For the most part, contemporary hypothesis-testers are not engaged in pure induction, insofar as the hypotheses under study are sometimes drawn from earlier theoretical works. Nonetheless, theory plays a modest role in much of their work.  In particular, little attention is paid to explaining how or why a particular independent variable might cause the dependent variable. Nor is much effort devoted to devising a general explanation for the observed results. Instead, the main effort is on finding statistically significant relationships within the data.

Unfortunately, this approach to research leads to several important problems.

First, if scholars employ statistical models that do not conform to the underlying theory, then the hypothesis tests will not produce meaningful results. Second, valid hypothesis tests require data that correspond to the underlying concepts being studied. Insufficient attention to theory can lead researchers to employ indicators or measures that do not capture the concepts being “tested.” Third, privileging hypothesis testing is also unwise given the low quality of much of the data in the IR field.  Fourth, by themselves, hypothesis tests cannot explain the observed results or tell us how different hypotheses fit together. Finally, lack of attention to theory inhibits the cumulation of knowledge. Lacking a common theoretical framework, simplistic hypothesis testers often use different models to study the same phenomena, define key variables in different ways, and employ different data sets and estimation procedures.  Competing findings keep piling up, but consensus and cumulation remain elusive.

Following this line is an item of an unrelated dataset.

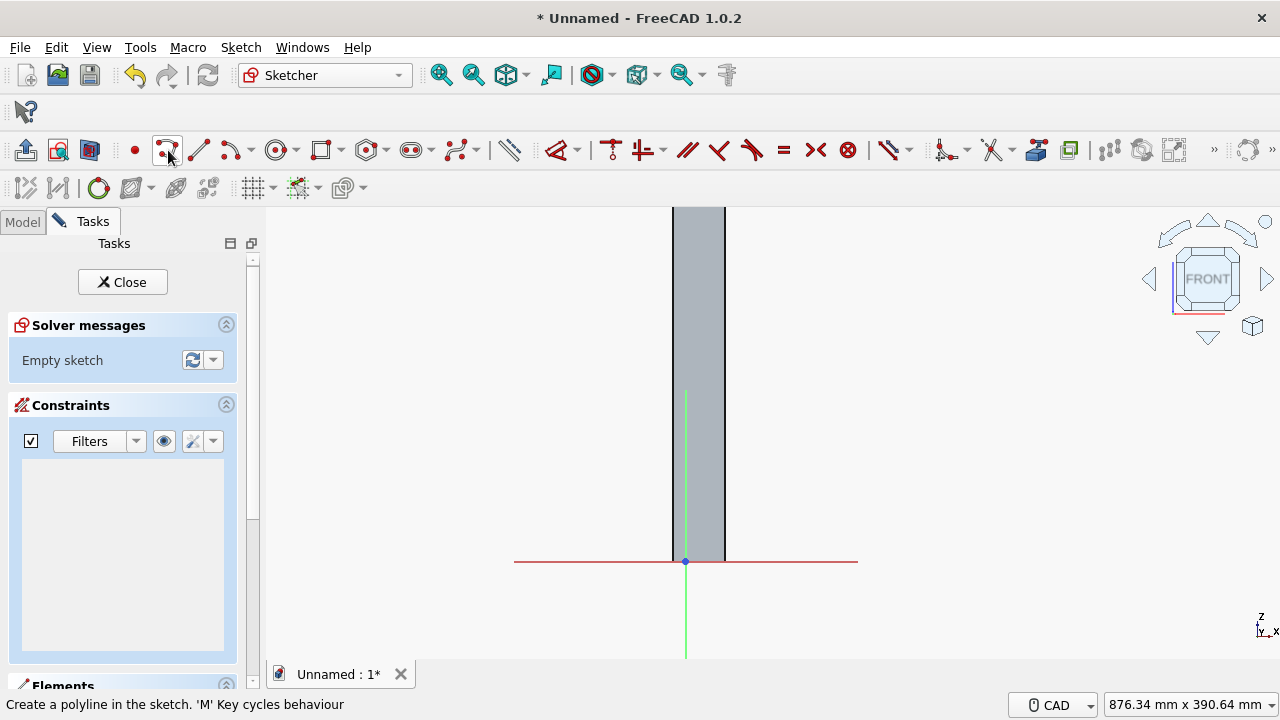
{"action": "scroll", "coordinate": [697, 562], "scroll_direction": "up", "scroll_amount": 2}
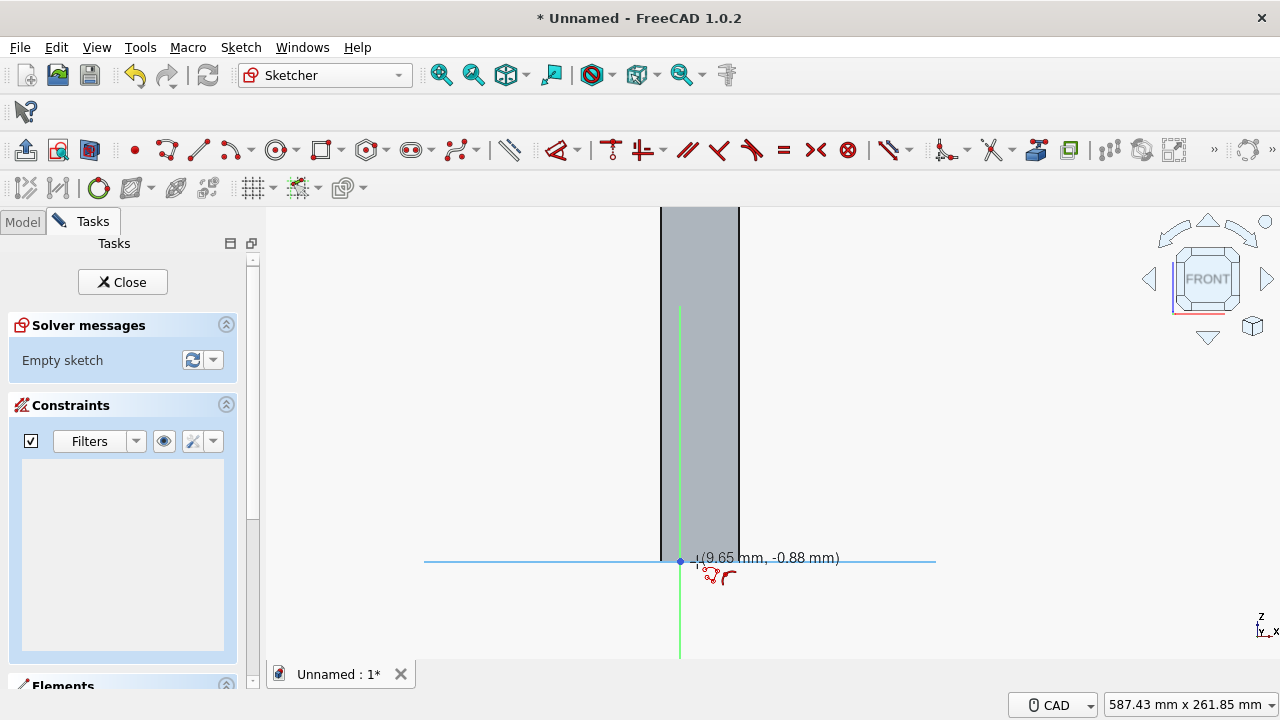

Why is the IR field headed in this direction? The main reason is the prevailing incentive structure in academia. For starters, Ph.D. programs tend to emphasize hypothesis testing rather than theory, simply because there is no program of study that can reliably create imaginative theorists. But any graduate program can train students how to test hypotheses, so that is what they do.

The prevalence of simplistic hypothesis testing also reflects the professionalization of academia itself. Established professions often employ esoteric vocabulary and arcane techniques in order to highlight their “specialized knowledge.” They also tend to adopt simple and seemingly objective ways to evaluate different members of their profession. Taken together, these features encourage academics to employ rarified methodological techniques that are hard for outsiders to understand and to evaluate each other using citation counts or other basic metrics. Simplistic hypothesis testing is ideal from this perspective, because it can generate lots of publications with a minimum of risk. Doing theory is inherently chancier, because one can work diligently for many years, never make a significant conceptual advance, and thus have little to show for one’s efforts.

Diminished attention to theory is likely to increase the already-wide gulf between academia and the policy world, because many hypothesis testers are not interested in policy issues and neglecting theory will leave the IR field less able to help policymakers understand the “big picture” or formulate effective policy responses. This trend runs the risk of making the academic study of IR even less relevant to understanding and solving important real world problems.

The present trajectory could be reversed if enough IR scholars decided theory should be restored to its proper place. Such an epiphany is unlikely, however, due to the powerful professional incentives encouraging simplistic hypothesis testing. This situation does not augur well for the IR field. Without good theories, we cannot trust our empirical findings, and we cannot even make sense of all the provisional hypotheses that scholars keep generating. There are many roads to better theory, but that should be the ultimate destination.